> **Exercise details**
Could you restate every entry word for word, minus the pictures?

(Dataset excerpts)
=== Begin Enclosure ===
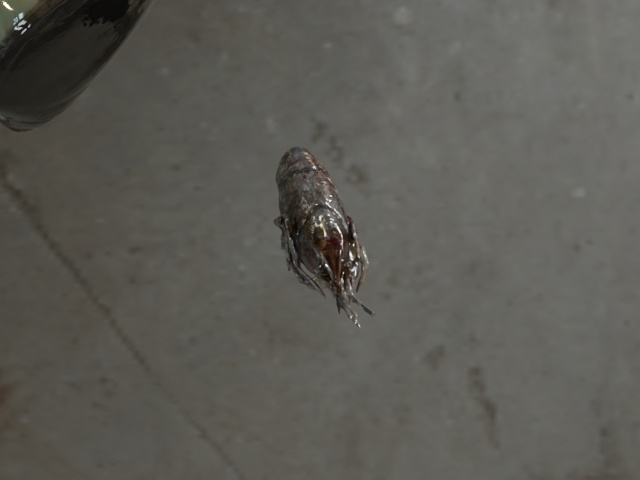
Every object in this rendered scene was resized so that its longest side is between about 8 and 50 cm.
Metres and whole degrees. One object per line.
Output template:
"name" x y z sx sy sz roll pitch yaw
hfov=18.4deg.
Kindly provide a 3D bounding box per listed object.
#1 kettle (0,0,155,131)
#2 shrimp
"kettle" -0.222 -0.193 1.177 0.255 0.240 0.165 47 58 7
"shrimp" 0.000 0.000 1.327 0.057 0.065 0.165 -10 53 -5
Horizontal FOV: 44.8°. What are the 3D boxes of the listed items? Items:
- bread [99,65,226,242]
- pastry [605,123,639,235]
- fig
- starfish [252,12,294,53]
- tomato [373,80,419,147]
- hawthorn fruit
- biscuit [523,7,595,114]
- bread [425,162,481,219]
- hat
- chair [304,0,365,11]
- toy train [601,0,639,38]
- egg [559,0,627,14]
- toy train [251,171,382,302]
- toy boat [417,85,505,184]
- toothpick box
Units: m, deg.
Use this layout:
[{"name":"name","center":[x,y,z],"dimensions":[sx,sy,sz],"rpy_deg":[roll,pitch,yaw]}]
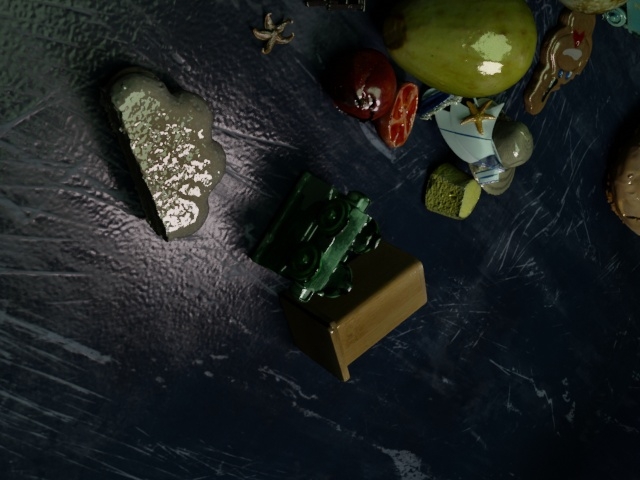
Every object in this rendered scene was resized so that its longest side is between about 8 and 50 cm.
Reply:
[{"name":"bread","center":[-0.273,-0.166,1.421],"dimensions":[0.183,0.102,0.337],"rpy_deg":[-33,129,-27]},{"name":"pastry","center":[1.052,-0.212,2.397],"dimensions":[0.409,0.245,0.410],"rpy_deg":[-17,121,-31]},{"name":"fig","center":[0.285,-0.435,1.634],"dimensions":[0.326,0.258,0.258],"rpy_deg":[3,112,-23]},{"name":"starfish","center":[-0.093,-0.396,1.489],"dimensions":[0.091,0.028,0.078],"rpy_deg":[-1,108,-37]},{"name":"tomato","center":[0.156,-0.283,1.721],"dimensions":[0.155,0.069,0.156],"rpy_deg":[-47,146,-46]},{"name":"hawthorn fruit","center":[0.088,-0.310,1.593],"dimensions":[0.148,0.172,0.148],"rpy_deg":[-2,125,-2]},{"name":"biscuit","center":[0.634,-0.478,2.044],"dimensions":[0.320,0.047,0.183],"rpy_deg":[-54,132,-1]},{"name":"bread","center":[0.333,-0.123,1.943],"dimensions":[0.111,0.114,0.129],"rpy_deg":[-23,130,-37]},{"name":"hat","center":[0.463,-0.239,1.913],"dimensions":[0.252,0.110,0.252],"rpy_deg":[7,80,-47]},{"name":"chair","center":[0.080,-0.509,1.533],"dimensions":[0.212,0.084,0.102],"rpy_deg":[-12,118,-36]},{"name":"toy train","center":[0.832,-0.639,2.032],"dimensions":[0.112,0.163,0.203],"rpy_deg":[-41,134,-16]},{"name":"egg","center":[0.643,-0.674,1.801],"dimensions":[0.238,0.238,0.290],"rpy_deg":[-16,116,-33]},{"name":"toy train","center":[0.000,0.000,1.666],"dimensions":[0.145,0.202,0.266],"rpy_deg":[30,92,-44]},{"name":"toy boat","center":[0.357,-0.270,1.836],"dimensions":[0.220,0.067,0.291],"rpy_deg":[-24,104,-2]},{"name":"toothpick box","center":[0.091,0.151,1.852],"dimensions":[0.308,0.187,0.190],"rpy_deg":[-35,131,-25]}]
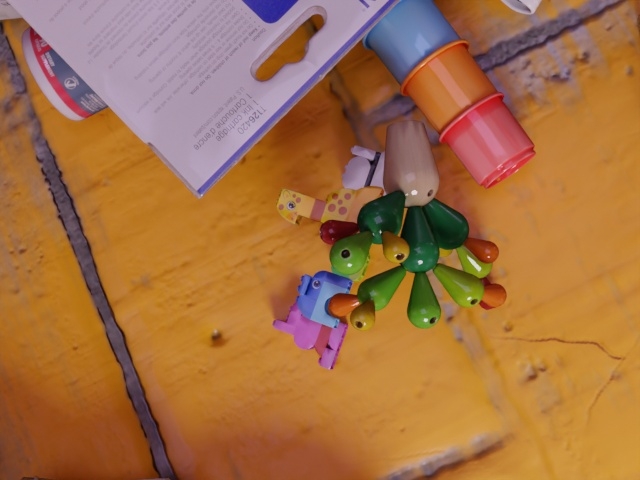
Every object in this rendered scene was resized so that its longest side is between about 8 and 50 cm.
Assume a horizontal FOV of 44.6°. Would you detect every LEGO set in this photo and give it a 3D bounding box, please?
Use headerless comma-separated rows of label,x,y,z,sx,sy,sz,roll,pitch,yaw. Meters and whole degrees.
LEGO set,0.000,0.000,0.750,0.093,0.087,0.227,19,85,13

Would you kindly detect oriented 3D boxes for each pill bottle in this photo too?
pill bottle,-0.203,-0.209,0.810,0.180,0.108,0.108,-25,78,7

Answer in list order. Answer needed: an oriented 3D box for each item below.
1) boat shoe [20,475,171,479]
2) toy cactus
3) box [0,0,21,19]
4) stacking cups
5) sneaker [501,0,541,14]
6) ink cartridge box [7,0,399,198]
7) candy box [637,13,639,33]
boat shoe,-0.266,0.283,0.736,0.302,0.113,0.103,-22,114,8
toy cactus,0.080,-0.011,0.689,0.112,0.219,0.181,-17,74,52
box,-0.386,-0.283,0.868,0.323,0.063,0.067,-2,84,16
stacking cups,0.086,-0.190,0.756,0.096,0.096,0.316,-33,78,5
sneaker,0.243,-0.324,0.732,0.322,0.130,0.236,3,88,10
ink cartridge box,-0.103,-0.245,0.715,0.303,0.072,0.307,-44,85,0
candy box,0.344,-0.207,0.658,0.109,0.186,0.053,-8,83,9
=== End Enclosure ===
> **Reply**
Every object in this rendered scene was resized so that its longest side is between about 8 and 50 cm.
Metres and whole degrees. One object per line.
Output template:
"name" x y z sx sy sz roll pitch yaw
hfov=18.4deg.
Kindly provide a 3D bounding box per listed object.
#1 kettle (0,0,155,131)
#2 shrimp
"kettle" -0.222 -0.193 1.177 0.255 0.240 0.165 47 58 7
"shrimp" 0.000 0.000 1.327 0.057 0.065 0.165 -10 53 -5
Horizontal FOV: 44.8°. What are the 3D boxes of the listed items? Items:
- bread [99,65,226,242]
- pastry [605,123,639,235]
- fig
- starfish [252,12,294,53]
- tomato [373,80,419,147]
- hawthorn fruit
- biscuit [523,7,595,114]
- bread [425,162,481,219]
- hat
- chair [304,0,365,11]
- toy train [601,0,639,38]
- egg [559,0,627,14]
- toy train [251,171,382,302]
- toy boat [417,85,505,184]
- toothpick box
Units: m, deg.
Use this layout:
[{"name":"name","center":[x,y,z],"dimensions":[sx,sy,sz],"rpy_deg":[roll,pitch,yaw]}]
Every object in this rendered scene was resized so that its longest side is between about 8 and 50 cm.
Reply:
[{"name":"bread","center":[-0.273,-0.166,1.421],"dimensions":[0.183,0.102,0.337],"rpy_deg":[-33,129,-27]},{"name":"pastry","center":[1.052,-0.212,2.397],"dimensions":[0.409,0.245,0.410],"rpy_deg":[-17,121,-31]},{"name":"fig","center":[0.285,-0.435,1.634],"dimensions":[0.326,0.258,0.258],"rpy_deg":[3,112,-23]},{"name":"starfish","center":[-0.093,-0.396,1.489],"dimensions":[0.091,0.028,0.078],"rpy_deg":[-1,108,-37]},{"name":"tomato","center":[0.156,-0.283,1.721],"dimensions":[0.155,0.069,0.156],"rpy_deg":[-47,146,-46]},{"name":"hawthorn fruit","center":[0.088,-0.310,1.593],"dimensions":[0.148,0.172,0.148],"rpy_deg":[-2,125,-2]},{"name":"biscuit","center":[0.634,-0.478,2.044],"dimensions":[0.320,0.047,0.183],"rpy_deg":[-54,132,-1]},{"name":"bread","center":[0.333,-0.123,1.943],"dimensions":[0.111,0.114,0.129],"rpy_deg":[-23,130,-37]},{"name":"hat","center":[0.463,-0.239,1.913],"dimensions":[0.252,0.110,0.252],"rpy_deg":[7,80,-47]},{"name":"chair","center":[0.080,-0.509,1.533],"dimensions":[0.212,0.084,0.102],"rpy_deg":[-12,118,-36]},{"name":"toy train","center":[0.832,-0.639,2.032],"dimensions":[0.112,0.163,0.203],"rpy_deg":[-41,134,-16]},{"name":"egg","center":[0.643,-0.674,1.801],"dimensions":[0.238,0.238,0.290],"rpy_deg":[-16,116,-33]},{"name":"toy train","center":[0.000,0.000,1.666],"dimensions":[0.145,0.202,0.266],"rpy_deg":[30,92,-44]},{"name":"toy boat","center":[0.357,-0.270,1.836],"dimensions":[0.220,0.067,0.291],"rpy_deg":[-24,104,-2]},{"name":"toothpick box","center":[0.091,0.151,1.852],"dimensions":[0.308,0.187,0.190],"rpy_deg":[-35,131,-25]}]
Every object in this rendered scene was resized so that its longest side is between about 8 and 50 cm.
Assume a horizontal FOV of 44.6°. Would you detect every LEGO set in this photo and give it a 3D bounding box, please?
Use headerless comma-separated rows of label,x,y,z,sx,sy,sz,roll,pitch,yaw. Meters and whole degrees.
LEGO set,0.000,0.000,0.750,0.093,0.087,0.227,19,85,13

Would you kindly detect oriented 3D boxes for each pill bottle in this photo too?
pill bottle,-0.203,-0.209,0.810,0.180,0.108,0.108,-25,78,7

Answer in list order. Answer needed: an oriented 3D box for each item below.
1) boat shoe [20,475,171,479]
2) toy cactus
3) box [0,0,21,19]
4) stacking cups
5) sneaker [501,0,541,14]
6) ink cartridge box [7,0,399,198]
7) candy box [637,13,639,33]
boat shoe,-0.266,0.283,0.736,0.302,0.113,0.103,-22,114,8
toy cactus,0.080,-0.011,0.689,0.112,0.219,0.181,-17,74,52
box,-0.386,-0.283,0.868,0.323,0.063,0.067,-2,84,16
stacking cups,0.086,-0.190,0.756,0.096,0.096,0.316,-33,78,5
sneaker,0.243,-0.324,0.732,0.322,0.130,0.236,3,88,10
ink cartridge box,-0.103,-0.245,0.715,0.303,0.072,0.307,-44,85,0
candy box,0.344,-0.207,0.658,0.109,0.186,0.053,-8,83,9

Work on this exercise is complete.